Het is de bedoeling dat VAD op heel korte termijn zeer concrete aanbevelingen gaat formuleren voor onderbouwde preventie-interventies gericht op specifieke doelgroepen. Dat is dus de selectieve preventie. Het budget voor deze eerste fase is een kleine 115.000 euro.
Vervolgens komt er een tweede fase van het project om cocaïne explicieter mee op te nemen in het preventiebeleid alcohol en drugs. Dus niet meer zo het abstracte woord ‘drugs’, maar echt cocaïne meenemen omdat dit nu absoluut een probleem is. Dit is ook in samenwerking met onder andere een aantal specifieke sectoren: de horeca, het uitgaansleven, hoger onderwijs en werk, collega’s. Uit de eerste verkennende gesprekken met enkele sectoren blijkt nu reeds hoe delicaat het ligt om over cocaïnegebruik te spreken. Het is van belang om de komende maanden te werken aan het draagvlak binnen die specifieke sectoren om dat niet te verliezen en voldoende vertrouwen te winnen dat VAD een goede organisatie is om daarmee aan de slag te gaan.

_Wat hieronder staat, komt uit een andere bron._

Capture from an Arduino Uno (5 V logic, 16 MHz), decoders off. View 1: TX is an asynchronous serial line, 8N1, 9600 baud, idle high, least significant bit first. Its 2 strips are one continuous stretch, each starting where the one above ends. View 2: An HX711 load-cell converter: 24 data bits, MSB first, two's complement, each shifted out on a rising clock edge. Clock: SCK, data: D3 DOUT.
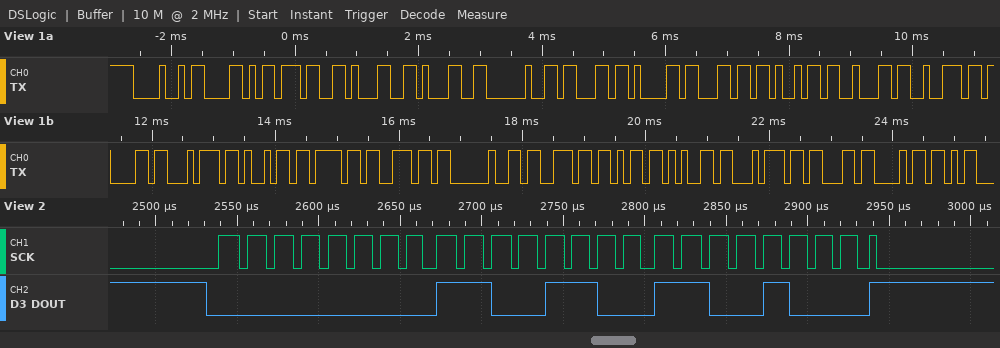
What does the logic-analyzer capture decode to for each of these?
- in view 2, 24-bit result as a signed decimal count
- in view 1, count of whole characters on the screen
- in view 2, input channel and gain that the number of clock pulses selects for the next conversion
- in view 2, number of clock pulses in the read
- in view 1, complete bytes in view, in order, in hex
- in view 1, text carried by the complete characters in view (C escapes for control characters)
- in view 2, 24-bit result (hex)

52424
24
channel A, gain 128
25
0x48 0x58 0x37 0x31 0x31 0x20 0x63 0x61 0x6C 0x69 0x62 0x72 0x61 0x74 0x69 0x6F 0x6E 0x20 0x73 0x6B 0x65 0x74 0x63 0x68
"HX711 calibration sketch"
0x00CCC8

VAD, de CGG-preventiewerkers (centrum voor geestelijke gezondheidszorg) en de andere organisaties zetten al sterk in op een integrale aanpak binnen de scholen. Er is onder meer een interessant pakket voor leerlingen van het lager secundair onderwijs. Er wordt geluisterd naar jongeren, de sociale vaardigheden worden versterkt en er wordt informatie gegeven.

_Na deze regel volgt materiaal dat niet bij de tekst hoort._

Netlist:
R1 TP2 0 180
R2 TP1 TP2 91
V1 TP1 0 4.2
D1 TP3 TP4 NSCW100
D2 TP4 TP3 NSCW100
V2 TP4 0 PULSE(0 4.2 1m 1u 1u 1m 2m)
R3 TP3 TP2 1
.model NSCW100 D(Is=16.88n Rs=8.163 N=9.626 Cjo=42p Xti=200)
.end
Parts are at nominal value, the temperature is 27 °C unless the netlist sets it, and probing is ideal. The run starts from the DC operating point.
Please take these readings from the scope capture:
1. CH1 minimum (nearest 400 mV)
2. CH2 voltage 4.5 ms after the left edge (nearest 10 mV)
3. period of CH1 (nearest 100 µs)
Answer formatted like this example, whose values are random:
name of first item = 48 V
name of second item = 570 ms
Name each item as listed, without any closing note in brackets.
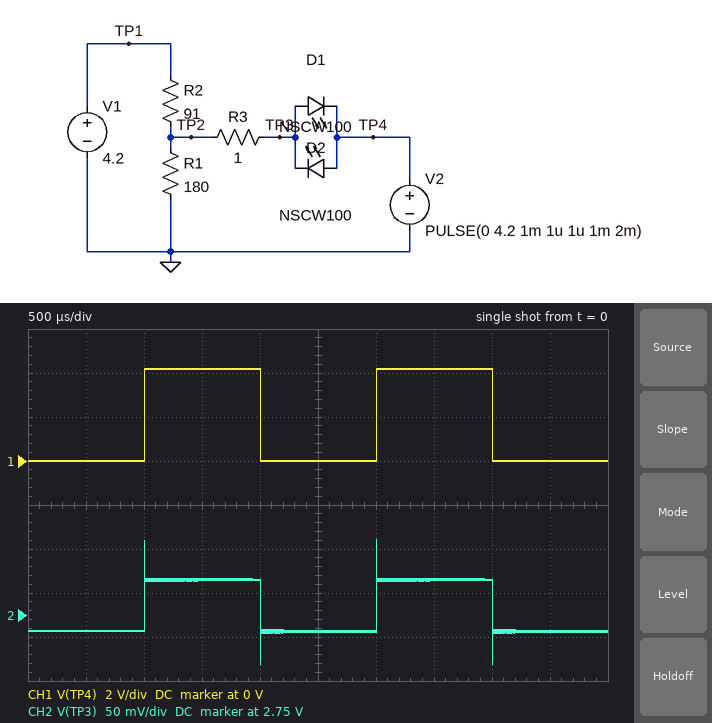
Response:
CH1 minimum = 0 V
CH2 voltage 4.5 ms after the left edge = 2.73 V
period of CH1 = 2.0 ms
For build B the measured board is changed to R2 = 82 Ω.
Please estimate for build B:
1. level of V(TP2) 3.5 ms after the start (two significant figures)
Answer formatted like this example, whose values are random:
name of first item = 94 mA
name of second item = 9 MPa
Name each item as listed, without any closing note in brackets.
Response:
level of V(TP2) 3.5 ms after the start = 2.9 V
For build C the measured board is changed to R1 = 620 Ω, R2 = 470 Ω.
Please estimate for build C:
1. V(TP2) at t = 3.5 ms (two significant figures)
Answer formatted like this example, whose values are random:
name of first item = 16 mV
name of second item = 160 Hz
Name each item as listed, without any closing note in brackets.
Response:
V(TP2) at t = 3.5 ms = 2.4 V
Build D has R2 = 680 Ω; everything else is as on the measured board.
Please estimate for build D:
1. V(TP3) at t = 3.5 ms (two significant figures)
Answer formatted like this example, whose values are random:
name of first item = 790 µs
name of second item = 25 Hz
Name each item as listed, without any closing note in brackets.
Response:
V(TP3) at t = 3.5 ms = 1.2 V

Cocaïne brengt trouwens – ik wil dat nog eens onderstrepen, collega’s – heel belangrijke gezondheidsrisico’s met zich mee op korte en lange termijn. Op het moment van het gebruik kunnen hartkloppingen, bloeddrukstoornissen en zelfs een hartaanval optreden. Cocaïne veroorzaakt ook roekeloos gedrag, met risico’s in het verkeer, op het werk, onveilig vrijen, seksueel grensoverschrijdend gedrag, enzovoort. Die negatieve gezondheidseffecten worden niet onmiddellijk ervaren, maar zijn er op termijn wel. Op lange termijn leidt het tot een sterke geestelijke afhankelijkheid en tolerantie. Er kan ook craving ontstaan, met name de gebruiker wil het effect opnieuw ervaren en krijgt een sterke drang om altijd maar opnieuw en opnieuw en opnieuw en opnieuw te gaan gebruiken.

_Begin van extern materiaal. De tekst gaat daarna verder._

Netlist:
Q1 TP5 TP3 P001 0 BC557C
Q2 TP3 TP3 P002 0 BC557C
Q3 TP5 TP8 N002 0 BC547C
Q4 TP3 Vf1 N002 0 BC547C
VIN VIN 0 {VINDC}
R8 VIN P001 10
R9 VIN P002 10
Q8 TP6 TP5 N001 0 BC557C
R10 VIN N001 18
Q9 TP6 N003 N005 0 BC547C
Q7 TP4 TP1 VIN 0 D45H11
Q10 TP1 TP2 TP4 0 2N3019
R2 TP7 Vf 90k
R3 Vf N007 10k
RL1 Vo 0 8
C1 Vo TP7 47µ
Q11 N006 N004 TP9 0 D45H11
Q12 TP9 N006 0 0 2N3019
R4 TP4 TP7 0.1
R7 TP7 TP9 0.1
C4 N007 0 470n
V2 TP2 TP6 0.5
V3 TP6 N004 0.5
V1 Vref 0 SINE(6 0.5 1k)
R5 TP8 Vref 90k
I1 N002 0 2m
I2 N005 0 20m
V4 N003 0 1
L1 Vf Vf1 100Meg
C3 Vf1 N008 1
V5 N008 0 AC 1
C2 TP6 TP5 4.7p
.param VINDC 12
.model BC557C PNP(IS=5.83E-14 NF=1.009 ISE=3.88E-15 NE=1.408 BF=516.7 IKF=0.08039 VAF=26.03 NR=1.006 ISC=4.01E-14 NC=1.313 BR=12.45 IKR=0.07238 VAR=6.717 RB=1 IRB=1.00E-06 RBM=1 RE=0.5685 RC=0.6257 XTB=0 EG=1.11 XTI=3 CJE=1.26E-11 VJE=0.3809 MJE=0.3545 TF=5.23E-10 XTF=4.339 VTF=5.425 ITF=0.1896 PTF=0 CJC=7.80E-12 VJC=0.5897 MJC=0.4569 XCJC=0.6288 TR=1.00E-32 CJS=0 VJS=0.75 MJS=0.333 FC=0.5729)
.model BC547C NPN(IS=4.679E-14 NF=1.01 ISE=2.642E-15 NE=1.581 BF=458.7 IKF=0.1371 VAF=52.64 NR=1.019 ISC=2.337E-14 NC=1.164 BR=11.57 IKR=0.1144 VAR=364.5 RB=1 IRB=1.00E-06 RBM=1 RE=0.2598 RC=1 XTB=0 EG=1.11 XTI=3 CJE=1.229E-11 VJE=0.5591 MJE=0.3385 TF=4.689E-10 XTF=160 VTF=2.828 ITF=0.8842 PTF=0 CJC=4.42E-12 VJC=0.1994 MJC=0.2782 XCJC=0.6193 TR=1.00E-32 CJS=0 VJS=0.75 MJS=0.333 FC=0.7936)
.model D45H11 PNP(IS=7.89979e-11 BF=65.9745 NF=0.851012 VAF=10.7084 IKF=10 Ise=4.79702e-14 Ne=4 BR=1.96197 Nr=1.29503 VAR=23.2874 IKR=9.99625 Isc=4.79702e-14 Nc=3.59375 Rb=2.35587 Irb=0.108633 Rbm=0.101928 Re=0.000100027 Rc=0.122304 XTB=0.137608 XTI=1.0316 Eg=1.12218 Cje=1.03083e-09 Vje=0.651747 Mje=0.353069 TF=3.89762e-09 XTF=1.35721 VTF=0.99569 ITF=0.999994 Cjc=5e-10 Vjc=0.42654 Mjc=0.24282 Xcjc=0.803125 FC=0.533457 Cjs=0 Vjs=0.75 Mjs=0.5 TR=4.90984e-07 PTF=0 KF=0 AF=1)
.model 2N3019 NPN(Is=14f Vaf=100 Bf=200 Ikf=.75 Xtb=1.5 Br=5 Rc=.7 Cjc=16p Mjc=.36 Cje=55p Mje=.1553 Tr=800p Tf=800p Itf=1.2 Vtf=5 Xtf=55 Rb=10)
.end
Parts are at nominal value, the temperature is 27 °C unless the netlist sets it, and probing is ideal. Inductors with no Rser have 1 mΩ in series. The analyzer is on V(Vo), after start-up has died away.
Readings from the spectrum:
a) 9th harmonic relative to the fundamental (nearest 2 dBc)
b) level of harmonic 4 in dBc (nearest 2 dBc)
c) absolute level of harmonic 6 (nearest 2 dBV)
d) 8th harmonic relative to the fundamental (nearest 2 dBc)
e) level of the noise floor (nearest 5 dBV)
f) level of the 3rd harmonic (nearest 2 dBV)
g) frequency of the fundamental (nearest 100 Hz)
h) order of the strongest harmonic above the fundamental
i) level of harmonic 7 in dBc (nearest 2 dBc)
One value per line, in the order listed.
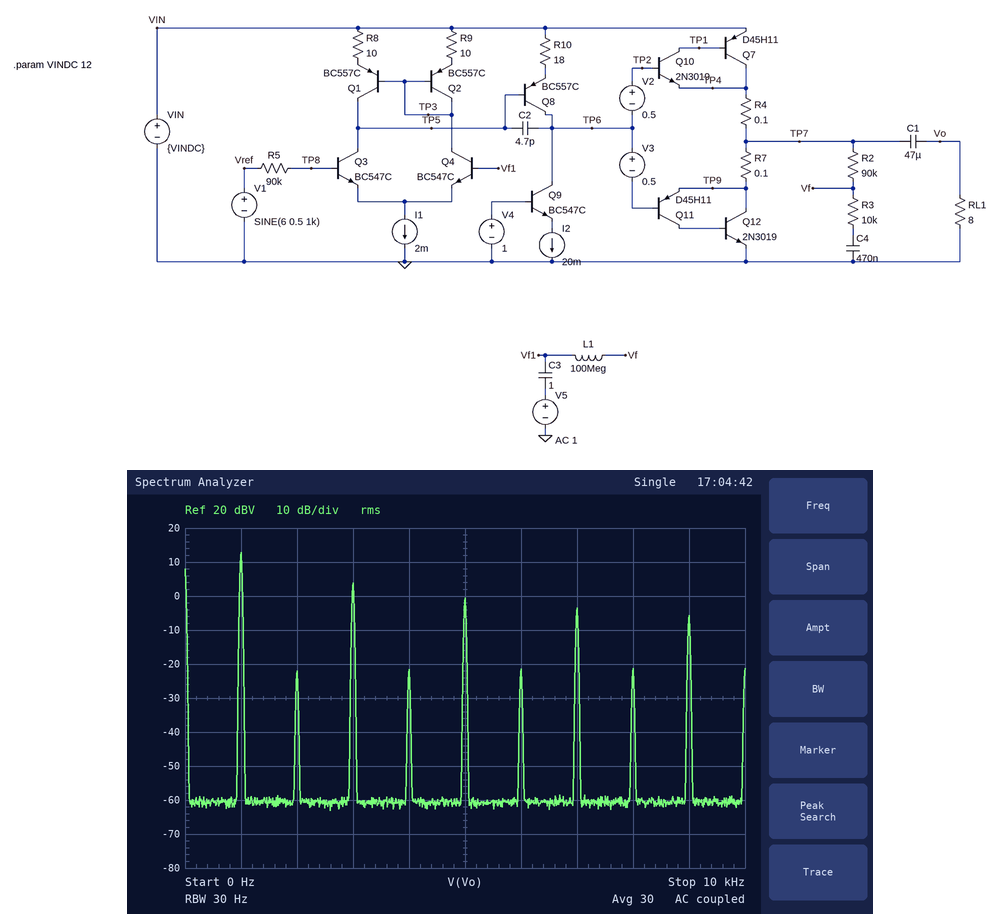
-18 dBc
-34 dBc
-22 dBV
-34 dBc
-60 dBV
4 dBV
1.0 kHz
3
-16 dBc
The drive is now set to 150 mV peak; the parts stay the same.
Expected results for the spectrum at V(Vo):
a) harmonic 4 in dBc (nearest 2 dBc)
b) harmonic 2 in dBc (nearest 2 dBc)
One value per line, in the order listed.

-32 dBc
-32 dBc

Daarom wordt, ten derde, extra ingezet om die kennis en gevaren over cocaïne naar die specifieke doelgroepen te verhogen en te verspreiden. Men is dus nu die doelgroepen in kaart aan het brengen, vertrouwen aan het winnen op de plaatsen waar het gebruik zich manifesteert. In de tussenperiode, om die maanden te overbruggen, is er ook besloten om kennisclips te maken. Dat zijn video’s over cocaïne – wat is het, wat zijn de effecten? – met verwijzingen naar de zelftest en de kennistest van De Druglijn. Het is ook de bedoeling om die te vertonen in specifieke settings en om gericht doelgroepen in dat verband te benaderen via de sociale media.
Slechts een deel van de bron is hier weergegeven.